Artworks Big Pitch Finalist: Chris Sutton, Noble Denim

Throughout the summer, Soapbox will profile each of the eight finalists in the Artworks Big Pitch competition, which offers artists, makers, designers and creative entrepreneurs a chance to claim up to $20,000 in cash prizes, as well as pro-bono professional services. The competition concludes August 27 at the American Sign Museum with the eight finalists each giving five-minute presentations to a panel of judges. You can read Soapbox’s article on the Big Pitch here.
 
Chris Sutton wants to put Midwestern factory workers back to work. He wants reteach our community how to grow our own goods. And he wants to make sure workers are getting paid a living wage.
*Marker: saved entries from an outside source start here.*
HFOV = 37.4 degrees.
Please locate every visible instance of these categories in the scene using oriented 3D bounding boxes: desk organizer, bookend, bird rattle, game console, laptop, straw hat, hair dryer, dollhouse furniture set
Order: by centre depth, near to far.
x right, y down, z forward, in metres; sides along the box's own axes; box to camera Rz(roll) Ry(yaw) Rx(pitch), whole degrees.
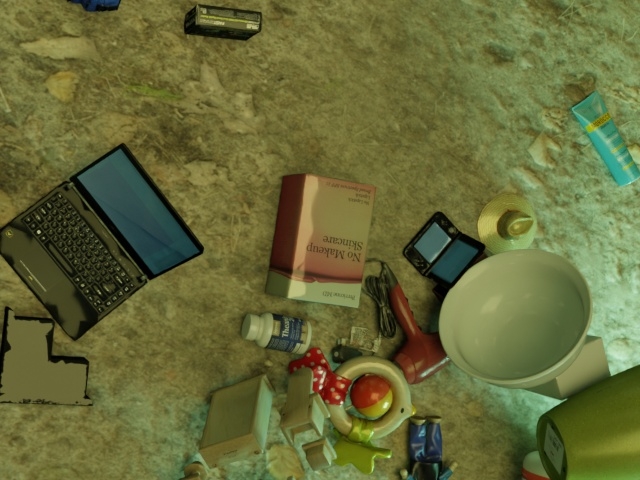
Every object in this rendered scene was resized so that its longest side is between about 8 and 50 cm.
[{"bbox_3d":[-0.380,0.008,1.608,0.264,0.136,0.234,-40,104,-16],"label":"laptop"},{"bbox_3d":[-0.465,0.198,1.614,0.156,0.072,0.157,6,89,-22],"label":"bookend"},{"bbox_3d":[-0.068,0.436,1.730,0.303,0.173,0.355,-20,116,14],"label":"dollhouse furniture set"},{"bbox_3d":[0.064,0.302,1.796,0.207,0.143,0.253,-29,91,-5],"label":"bird rattle"},{"bbox_3d":[0.178,0.171,1.862,0.294,0.080,0.223,18,84,-21],"label":"hair dryer"},{"bbox_3d":[0.247,0.018,1.889,0.107,0.071,0.122,46,75,-16],"label":"game console"},{"bbox_3d":[0.294,0.081,1.923,0.130,0.047,0.050,-39,102,-16],"label":"desk organizer"},{"bbox_3d":[0.403,-0.031,1.954,0.145,0.061,0.144,0,91,-21],"label":"straw hat"}]

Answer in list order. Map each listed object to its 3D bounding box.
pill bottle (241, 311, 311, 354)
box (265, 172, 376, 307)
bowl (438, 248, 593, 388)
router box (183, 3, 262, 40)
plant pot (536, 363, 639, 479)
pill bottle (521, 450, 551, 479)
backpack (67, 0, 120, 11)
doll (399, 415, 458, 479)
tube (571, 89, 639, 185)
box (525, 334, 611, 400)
[{"bbox_3d":[-0.083,0.171,1.766,0.120,0.067,0.067,13,87,-22],"label":"pill bottle"},{"bbox_3d":[0.000,0.000,1.762,0.149,0.127,0.232,9,88,-22],"label":"box"},{"bbox_3d":[0.386,0.172,1.818,0.298,0.298,0.134,-48,136,-14],"label":"bowl"},{"bbox_3d":[-0.176,-0.391,1.700,0.123,0.092,0.038,1,91,-22],"label":"router box"},{"bbox_3d":[0.575,0.372,1.805,0.294,0.275,0.274,-7,94,-10],"label":"plant pot"},{"bbox_3d":[0.493,0.606,1.943,0.182,0.181,0.322,6,89,-22],"label":"pill bottle"},{"bbox_3d":[-0.381,-0.440,1.603,0.101,0.120,0.097,-13,97,-21],"label":"backpack"},{"bbox_3d":[0.217,0.450,1.903,0.129,0.046,0.188,1,91,-20],"label":"doll"},{"bbox_3d":[0.621,-0.218,2.046,0.080,0.052,0.207,-35,98,-24],"label":"tube"},{"bbox_3d":[0.484,0.251,1.935,0.130,0.170,0.091,-19,98,-19],"label":"box"}]

As much as this might sound like a political platform, Chris Sutton is not running for office. He’s making jeans.
 
As founder of the Noble Denim clothing company, Sutton cares about doing things in the most ethical way possible, so customers know that each time they purchase a Noble product, they can be sure that their money is going toward a healthier environment and fair pay for workers.
 
“Hopefully, that means local, and hopefully, that means American made, but we don’t want to say American made just for sentimental reasons,” Sutton says. “Right now our sweatshirts are being made in Canada because we haven’t been able to find a place in American that pays its employees a living wage.”
 
Sutton started Noble Denim about a year and a half ago, originally setting up in Camp Washington before settling in a workshop in Over-the-Rhine (check out our 2013 profile of Noble here). Originally ,he hoped to hire several people locally to continue expanding production in Cincinnati. Eventually Sutton found that there was much more manufacturing talent already trained in making clothes in the neighboring areas of Kentucky and Tennessee and formed a partnership with a factory that had only four employees remaining there.
 
“What we found is that Kentucky and Tennessee used to be a huge haven for soft goods: clothing, bags, etc., and to my knowledge, there were 50 factories that employed tens of thousands of people until the early '90s,” Sutton says. “But that’s all been outsourced, and now the coasts are where anything made in the United States is from. So to have our production based in Tennessee is actually very local in the grand scheme of the industry.”
 
Now, Noble’s Cincinnati office functions as the design studio and center for experimentation on small batch items like shorts and bags, while the factory in Tennessee handles the bulk of production.
 
“What makes our jeans different is how they are made,” Sutton says. “Most made in America jeans are still made in a highly automated factory of 1,000 employees making several thousand garments a week. We make 20-50 a week, so just based on scale, you can do things at a much more hands-on, intentional level. And at that scale, you tend to get better quality because you can be more hands-on and materials can be picked for small scale. We can get really high-quality fabrics that other companies can’t get. We can focus on those little details and make small tweaks, and that just makes a better product.”
 
Sutton also prides himself on the fact that he personally knows everyone involved in the production of Noble Denim and hopes to keep it that way. In the immediate future, Noble has a few small batches coming out, as well as a collaboration with Cleveland-based Drifter Bags.
 
For Noble, winning the big pitch would allow the company to take on one more employee here in the Cincinnati studio, as well as potentially accelerate production in Tennessee, which in turn would allow them to bring more workers back to the factory there.
 
“We’d love to become a nationally recognized brand and fill out our product lines,” Sutton says. “We’re still very early on in the process, but the cool thing is that Cincinnati is a creative place that is innovative, and I’m excited about using that skill set here to make those changes that will affect manufacturing towns in Kentucky, Tennessee and Ohio.”